When an AsyncGenerator is decorated, the decorator will enforce each yield of the AsyncGenerator. The AsyncGenerator can be closed when the Permission is denied, or it can just drop a value, which should be yielded. Additionally, any value can be handled with Constrainthandlers before yielding it.
Decorators for templates
To use SAPL in a template, there are three available tags provided by the SAPL Django integration library:
enforce
: Begins a node that will be enforced with SAPL. This tag can accept arguments.endenforce
: Ends the node, that will be enforced with SAPL.deny
: Begins a node inside an Enforce node that will be displayed when the permission is denied.
Each node in a template that is enclosed by an enforce and endenforce Tag creates an AuthorizationSubscription and requests a Decision from the PDP
If the decision of a node is PERMIT, the content until a 'deny' or 'endenforce' Tag will be displayed, while the parts after a 'deny' Tag won't be displayed.
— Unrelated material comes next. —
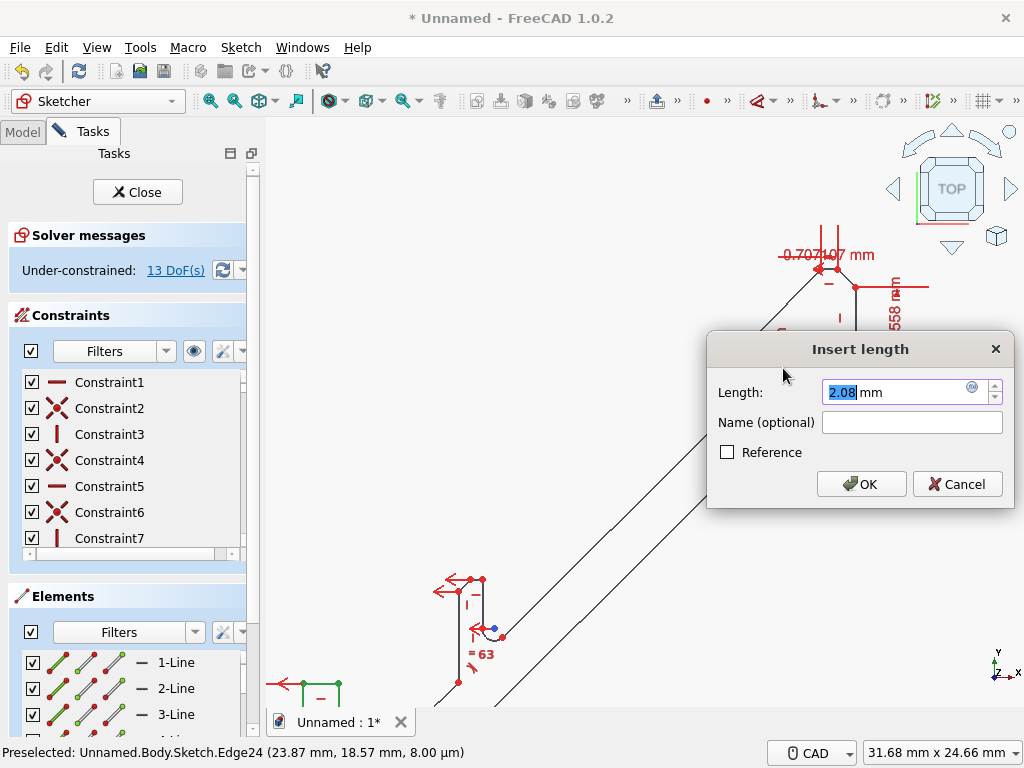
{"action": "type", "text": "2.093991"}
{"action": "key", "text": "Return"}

If the received decision is 'DENY' only the content after a 'deny' Tag will be displayed.
Providing arguments to a decorator
The decorators provided by the SAPL Django integration library allow for customization with arguments for the four parameters: Subject, Action, Resource, and Environment. These arguments replace the default implementation for determining the value of the parameter.
While the first three parameters have default implementations, the Environment parameter can only be set, when an argument to determine its value is provided.
Arguments for the decorators can be any value that can be converted to JSON, or a function that returns a JSON-serializable value. If a function is provided, it will be called when an AuthorizationSubscription is created, and the return value of the function will be used as the value for the corresponding parameter in the AuthorizationSubscription.
An example for a pre_enforce Decorator with a string as action and a function as Environment would be:
TODO: EXAMPLE
Obligations and Advices
After receiving a decision from the PDP (Policy Decision Point), constraints may be attached to it, which can be categorized as either obligations or advices. Obligations must be fulfilled; otherwise, the permission will be denied. Advices, on the other hand, are recommended to be fulfilled, but they won't affect the decision even if they're not.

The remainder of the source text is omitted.